על צאצאי קין ו׳On the Posterity of Cain and his Exile 6
א׳
1[17] This must be borne in mind if we are to understand what we read about Abraham, how, on reaching the place of which God had told him, he looked up on the third day and “seeth the place from afar” (Gen. 22:3 f.). What place? The one which he had reached? And how can it be far off if he is already there?
ב׳
2[18] It may be that what we are told under a figure is to this effect. The wise man is ever longing to discern the Ruler of the Universe. As he journeys along the path that takes him through knowledge and wisdom, he comes into contact first with divine words, and with these he makes a preliminary stay, and though he had meant to go the remainder of the way, he comes to a stop. For the eyes of his understanding have been opened, and he sees perfectly clearly that he has engaged in the chase of a quarry hard to capture, which always eludes its pursuers and is off to a distance leaving them ever so far behind.
ג׳
3[19] Rightly does he reflect that all the fleetest things under the sky would be seen to be standing still, if their motion were compared with that of the sun and moon and the other heavenly bodies.

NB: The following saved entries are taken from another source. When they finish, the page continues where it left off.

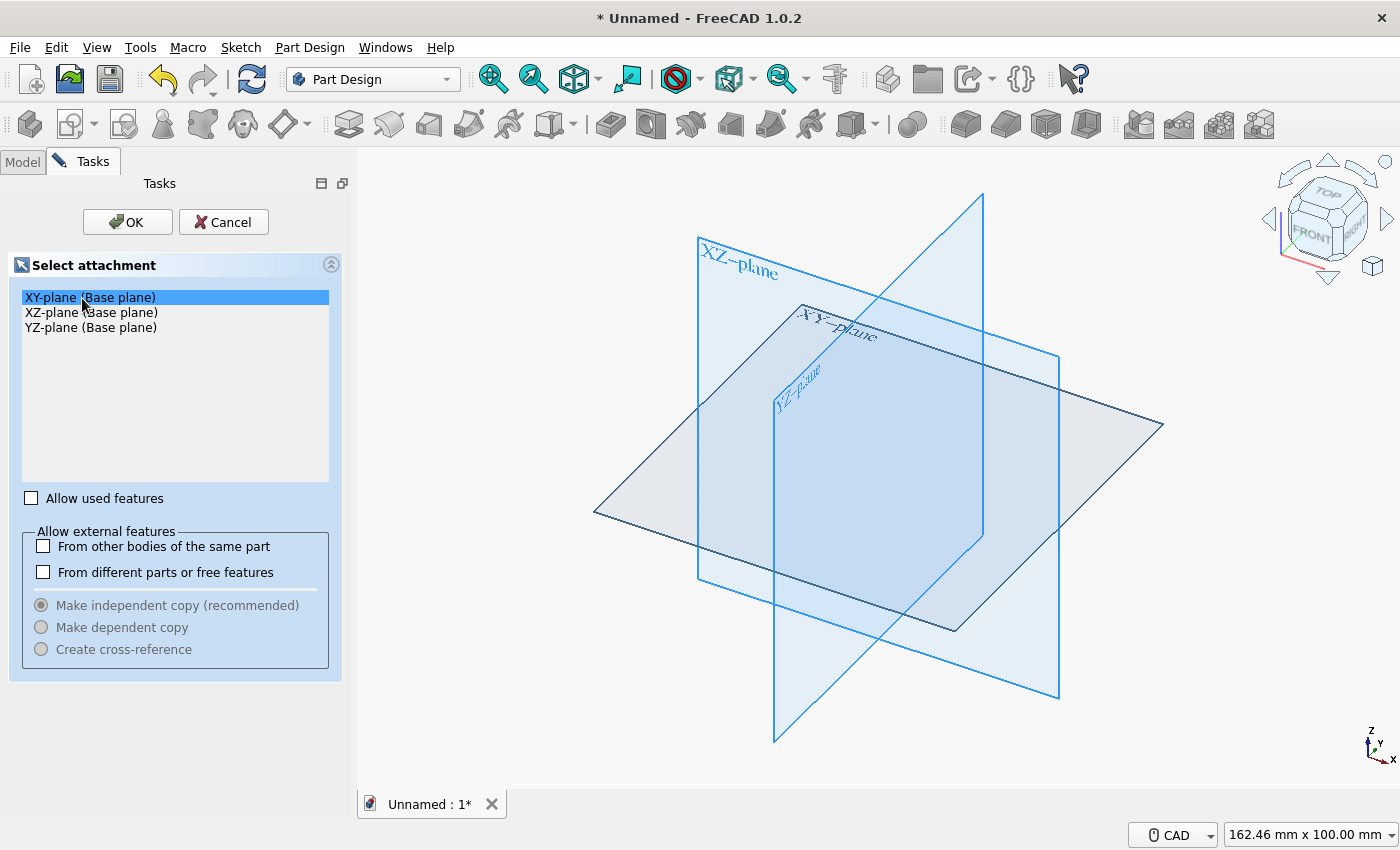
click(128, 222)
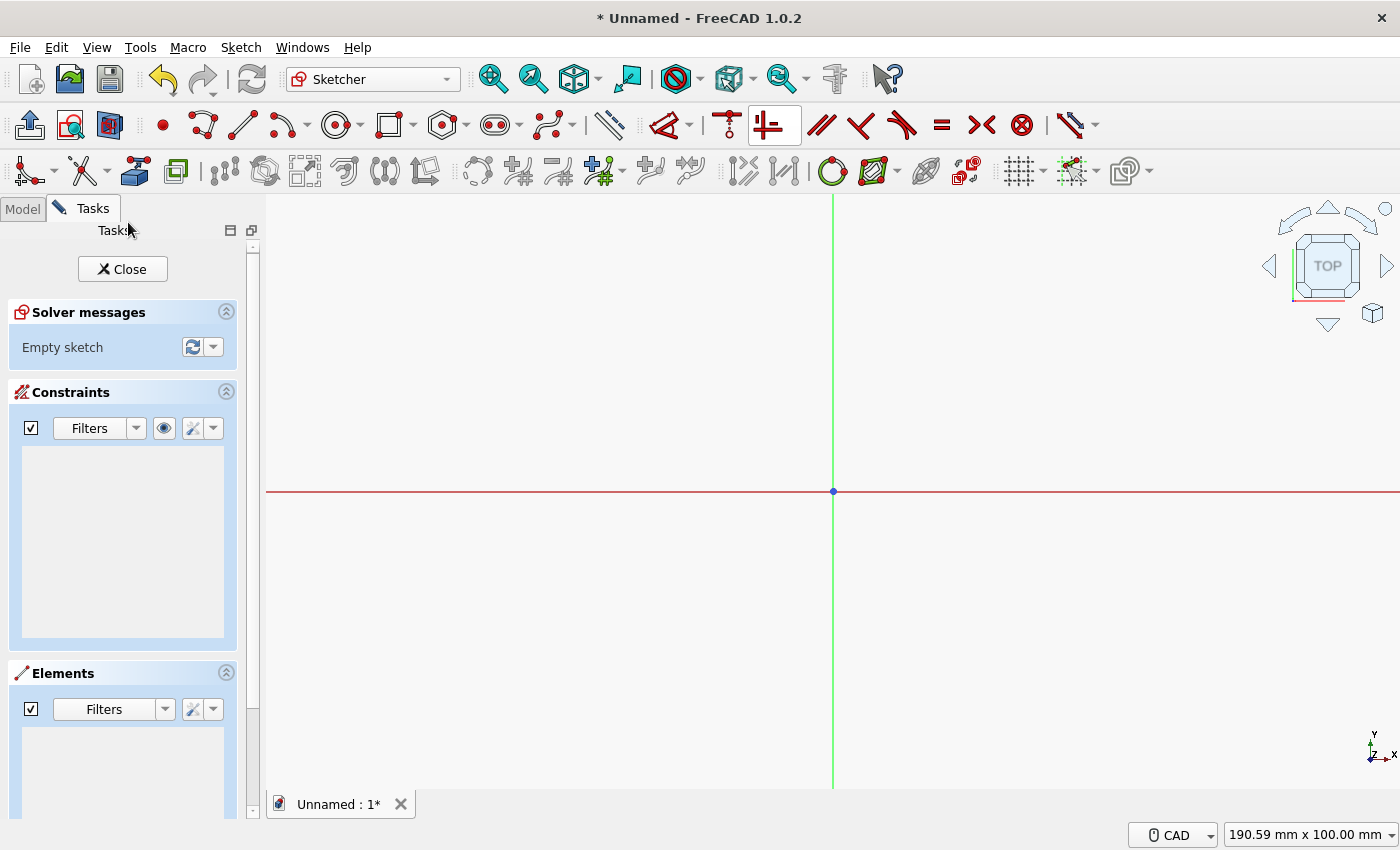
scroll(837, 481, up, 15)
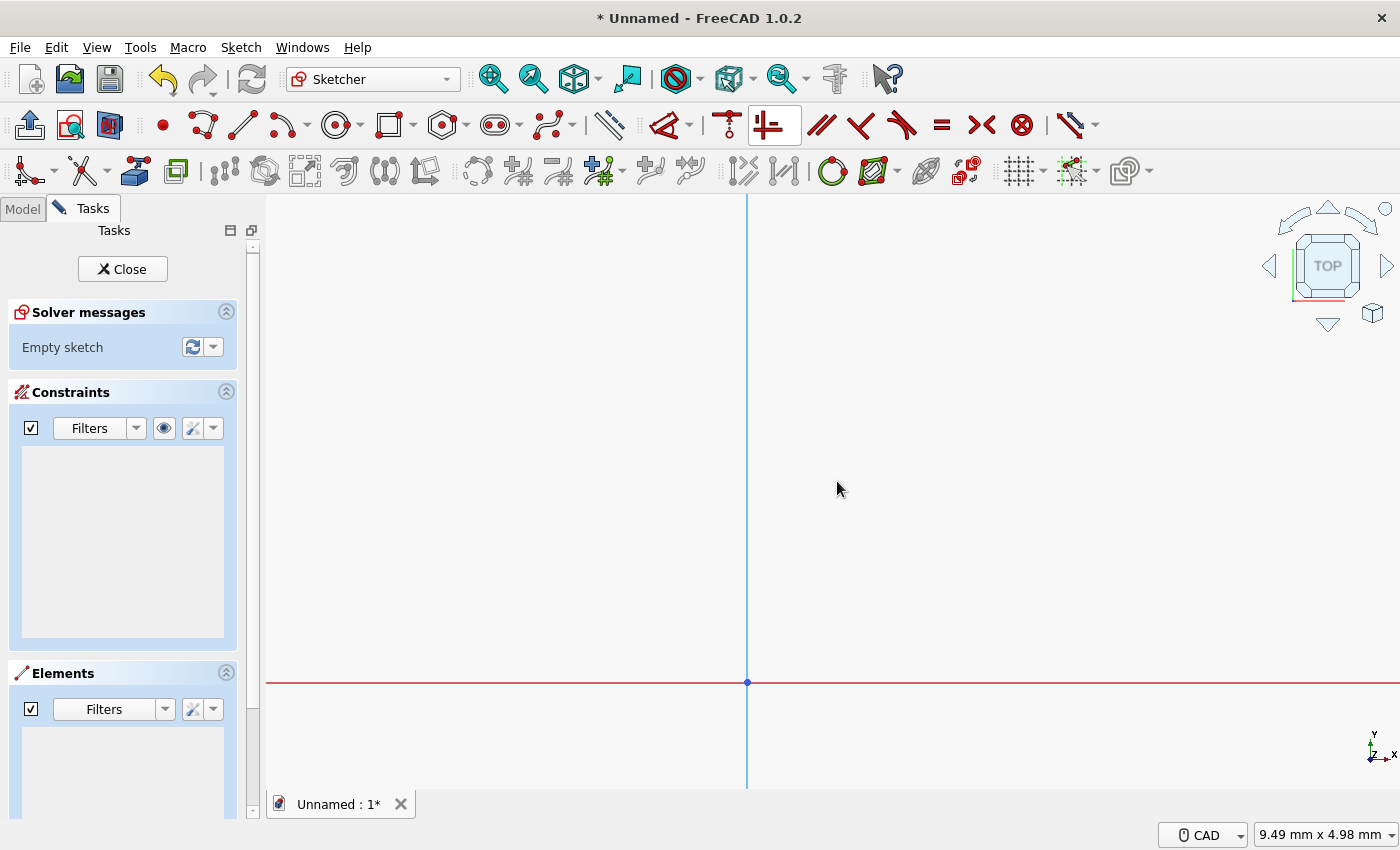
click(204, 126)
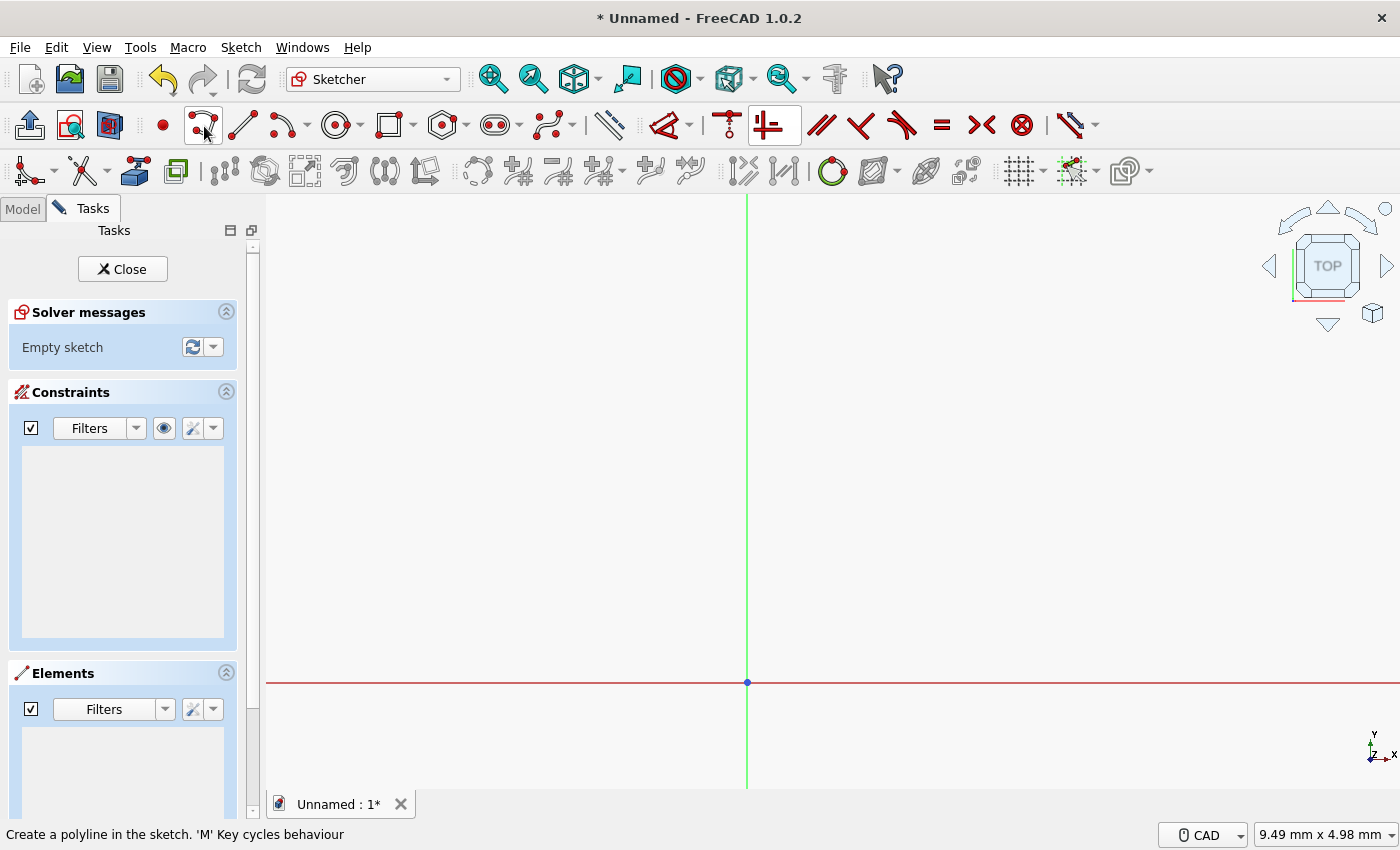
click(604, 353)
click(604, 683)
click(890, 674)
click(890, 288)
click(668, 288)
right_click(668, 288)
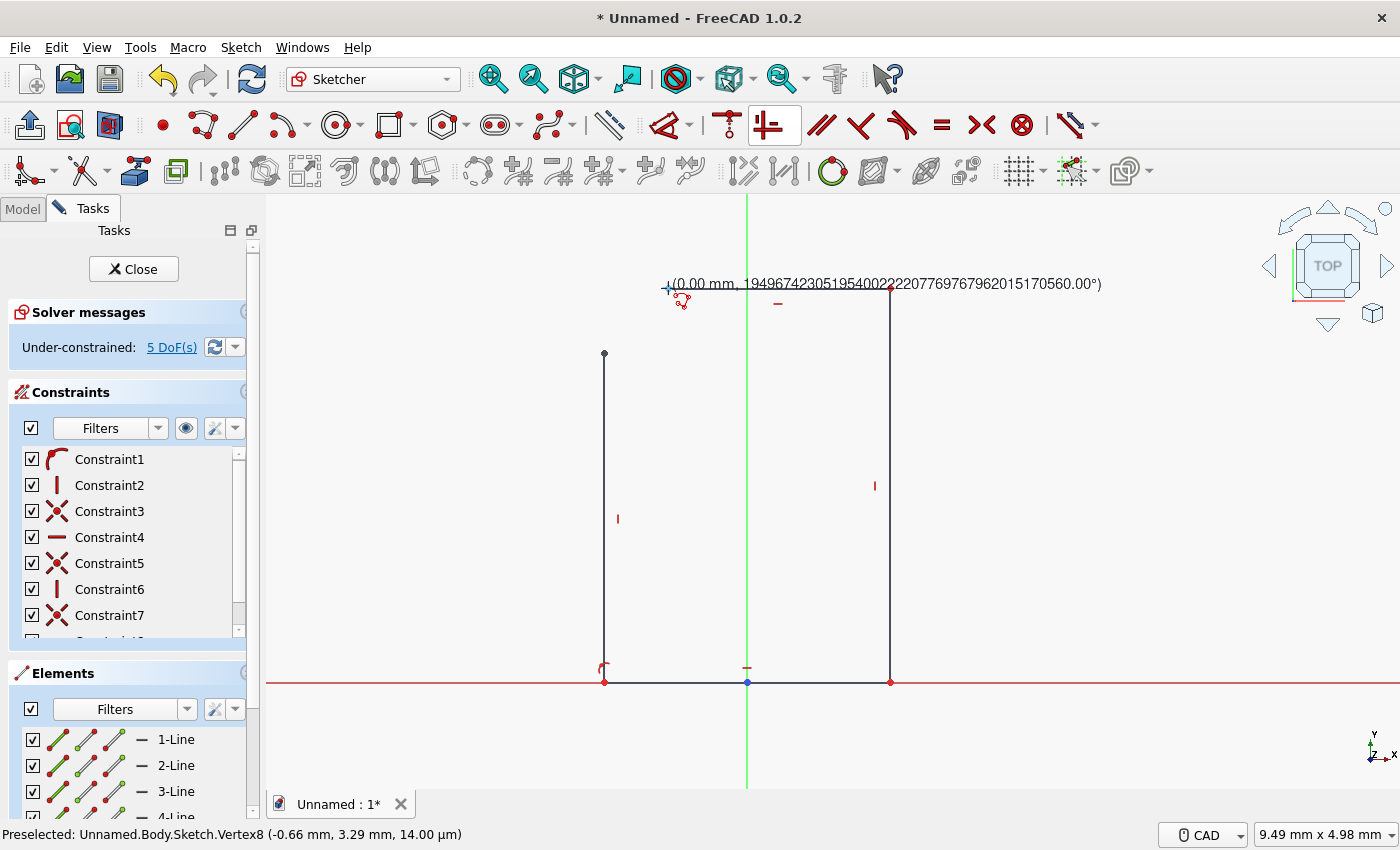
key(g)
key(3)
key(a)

And yet (he ponders) all heaven is God’s handiwork, and that which makes is ever ahead of the thing made: it follows, then, that not only other things with which we are familiar, but that whose movement surpasses them all in swiftness, the mind, would come short of the apprehension of the First Cause by an immeasurable distance. But the strangest thing of all is, that whereas the heavenly bodies as they go past moving objects are themselves in motion, God who outstrips them all is motionless.
ד׳
4[20] Yea, we aver that remaining the same He is at once close to us and far from us. He takes hold of us by those forming and chastening powers which are so close to each one of us; and yet He has driven created being far away from His essential Nature, so that we cannot touch it even with the pure spiritual contact of the understanding.
ה׳
5[21] With the lovers of God, then, in their quest of the Existent One, even if they never find Him, we rejoice, for the quest of the Good and Beautiful, even if the goal be missed, is sufficient of itself to give a foretaste of gladness. But the self-loving Cain we commiserate, for he has left in the lurch his own soul bereft of any conception of the Existent One, having deliberately blinded the organ by which alone he could have seen Him.